Robert A. Kyle, MD
Myeloma survivors owe much to Robert A. Kyle’s reluctance to perform autopsies or to undergo cardiac catheterization.
Those natural aversions led Kyle to choose hematology over two other research options toward the end of his Mayo Clinic residency, and launched Kyle on a course of research that has transformed our understanding of dysproteinemias, the family of plasma cell disorders related to multiple myeloma (MM).
The 86-year-old doctor, who has now been at the Mayo Clinic more than 60 years, not only discovered how such disorders progress to serious diseases such as MM, but also worked out the appropriate medical response at every step. Those and hundreds more breakthroughs stemmed from a unique combination of clinical practice, data mining, and sheer effort. Kyle has put in nearly 80-hour weeks for six decades now, and colleagues say he’s still working close to full speed. “It would be nearly impossible to overstate Robert Kyle’s impact on multiple myeloma research and treatment,” said Kenneth C. Anderson, MD, Harvard Medical School, Jerome Lipper Multiple Myeloma Center, and LeBow Institute for Myeloma Therapeutics. “He is my hero, my inspiration, my role model. He is a giant.”
A Landmark Paper
When Kyle began to study dysproteinemia in 1960, routine blood tests frequently found monoclonal gammopathies in patients with no symptoms of MM or other disease.
Researchers had tracked some of those patients for a few years, found no tendency to develop disease, and dismissed the condition as benign. Kyle began the work that would change all that in 1964, when he saw that a patient had developed MM 19 years after first being diagnosed with what was then called “benign monoclonal gammopathy.” He wrote up that single case and published it, along with a warning that doctors might want to follow up on patients they diagnosed with a condition that might not be so benign.
He returned to the issue 14 years later with a landmark paper demonstrating that the condition, while sometimes genuinely benign, was also the precursor to dysproteinemia ranging from MM to Waldenström macroglobulinemia and primary amyloidosis. This finding definitively demonstrated the need to monitor, rather than simply ignore, the misunderstood condition, which, Kyle later demonstrated, afflicts 3% of European Americans and 6% of African Americans who are 50 years and older.
Unfortunately, that same paper, which mined data from thousands of patient files, did not find any way to determine which cases would progress to which diseases over what timetable. Indeed, the analysis specifically found that there was no way to make predictions in individual cases, which is why Kyle rechristened the diagnosis monoclonal gammopathy of undetermined significance (MGUS).
Two years later, Kyle and his protégé, Philip R. Greipp, MD, professor of Laboratory Medicine and Pathology at Mayo, traced the next step on the road to MM with a paper on six unusual patients.
Those patients had lab results that would then have prompted an MM diagnosis, but none of them had any symptoms, even after five years without treatment. Kyle and Greipp differentiated their condition from full MM with the label smoldering multiple myeloma (SMM).

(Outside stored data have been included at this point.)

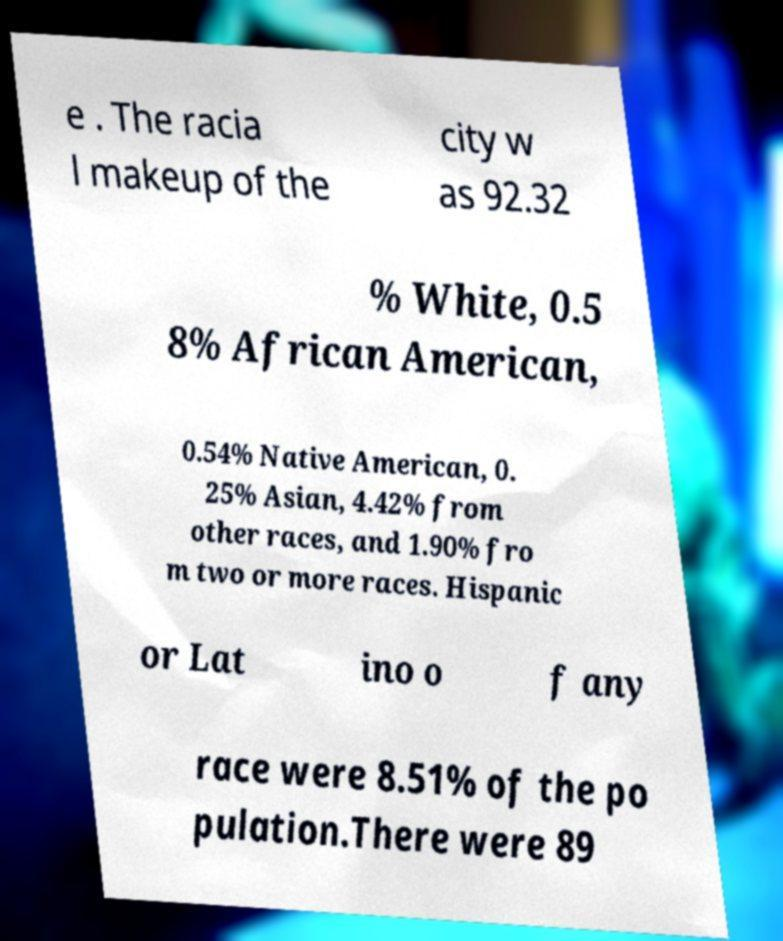Can you read and provide the text displayed in the image?This photo seems to have some interesting text. Can you extract and type it out for me? e . The racia l makeup of the city w as 92.32 % White, 0.5 8% African American, 0.54% Native American, 0. 25% Asian, 4.42% from other races, and 1.90% fro m two or more races. Hispanic or Lat ino o f any race were 8.51% of the po pulation.There were 89 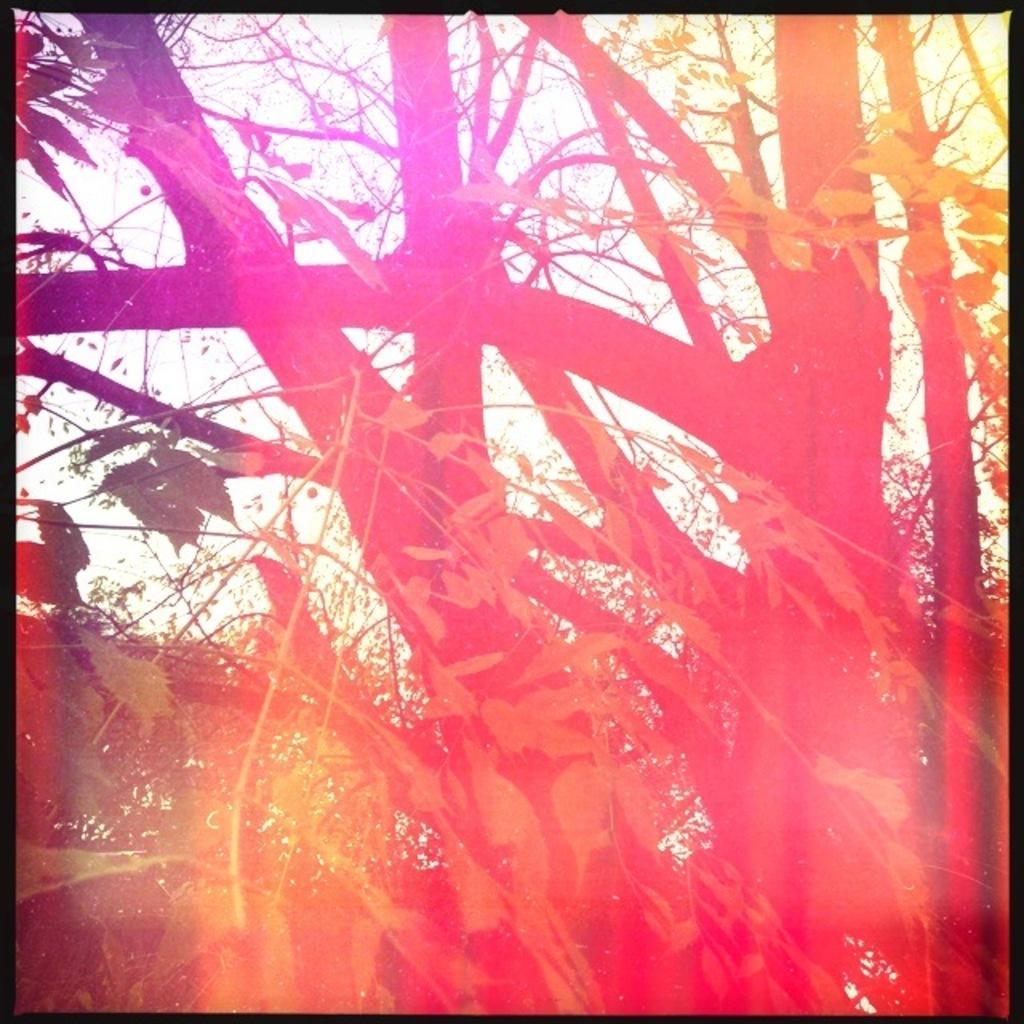How would you summarize this image in a sentence or two? In this image we can see group of trees and leaves and in the background we can see the sky. 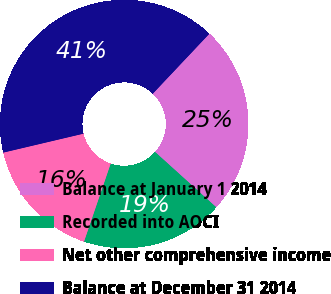Convert chart. <chart><loc_0><loc_0><loc_500><loc_500><pie_chart><fcel>Balance at January 1 2014<fcel>Recorded into AOCI<fcel>Net other comprehensive income<fcel>Balance at December 31 2014<nl><fcel>24.66%<fcel>18.54%<fcel>16.07%<fcel>40.73%<nl></chart> 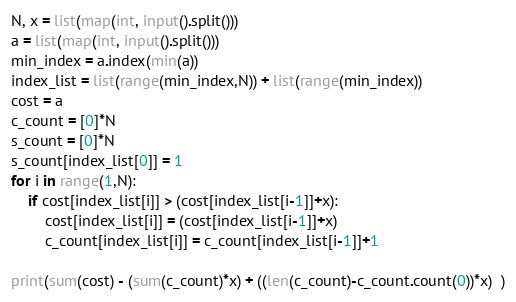<code> <loc_0><loc_0><loc_500><loc_500><_Python_>N, x = list(map(int, input().split()))
a = list(map(int, input().split()))
min_index = a.index(min(a))
index_list = list(range(min_index,N)) + list(range(min_index))
cost = a
c_count = [0]*N
s_count = [0]*N
s_count[index_list[0]] = 1
for i in range(1,N):
    if cost[index_list[i]] > (cost[index_list[i-1]]+x):
        cost[index_list[i]] = (cost[index_list[i-1]]+x)
        c_count[index_list[i]] = c_count[index_list[i-1]]+1

print(sum(cost) - (sum(c_count)*x) + ((len(c_count)-c_count.count(0))*x)  )
</code> 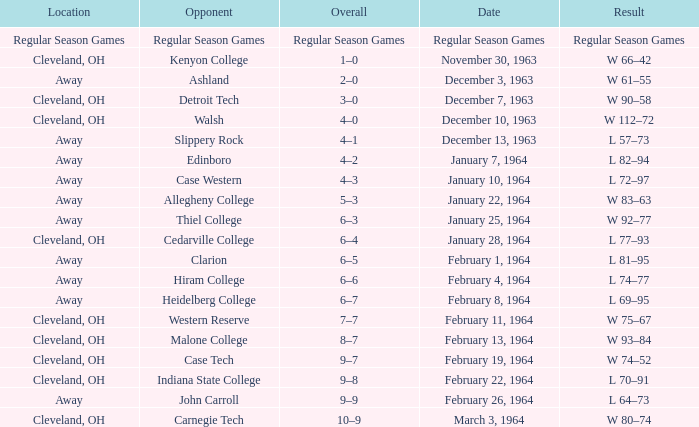What is the Overall with a Date that is february 4, 1964? 6–6. 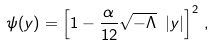Convert formula to latex. <formula><loc_0><loc_0><loc_500><loc_500>\psi ( y ) = \left [ 1 - \frac { \alpha } { 1 2 } \sqrt { - \Lambda } \ | y | \right ] ^ { 2 } \, ,</formula>

“All of those papers, and hundreds more I’ve published, began with a clinical observation,” Kyle said. “I noticed something I could not explain and then went back into the records looking for patterns.”
A Treasure Trove of Data
When Kyle talks of going back to his records, he speaks of an incredible asset. Kyle’s longevity and work ethic, combined with some early success with data mining, led him to amass an unprecedented collection of patients with dysproteinemia and to invent breakthrough strategies for teasing insight from their files.
His data management efforts began in the 1960s, when no doctors kept files on computers, with an early IBM punch card system and progressed from there. The system now has records on more than 46,000 patients seen by Mayo’s dysproteinemia group, which now numbers 12 physicians. The database includes over 26,000 patients with MGUS, more than 8000 with myeloma, and nearly 4500 with AL amyloidosis.
Better still, the data on many of those patients span decades because Kyle set up a research survey system that automatically requests updates from every patient who hasn’t been to Mayo Clinic in a year. If the patient doesn’t respond, then a second letter goes out, and if the patient doesn’t respond to that, someone places a telephone call.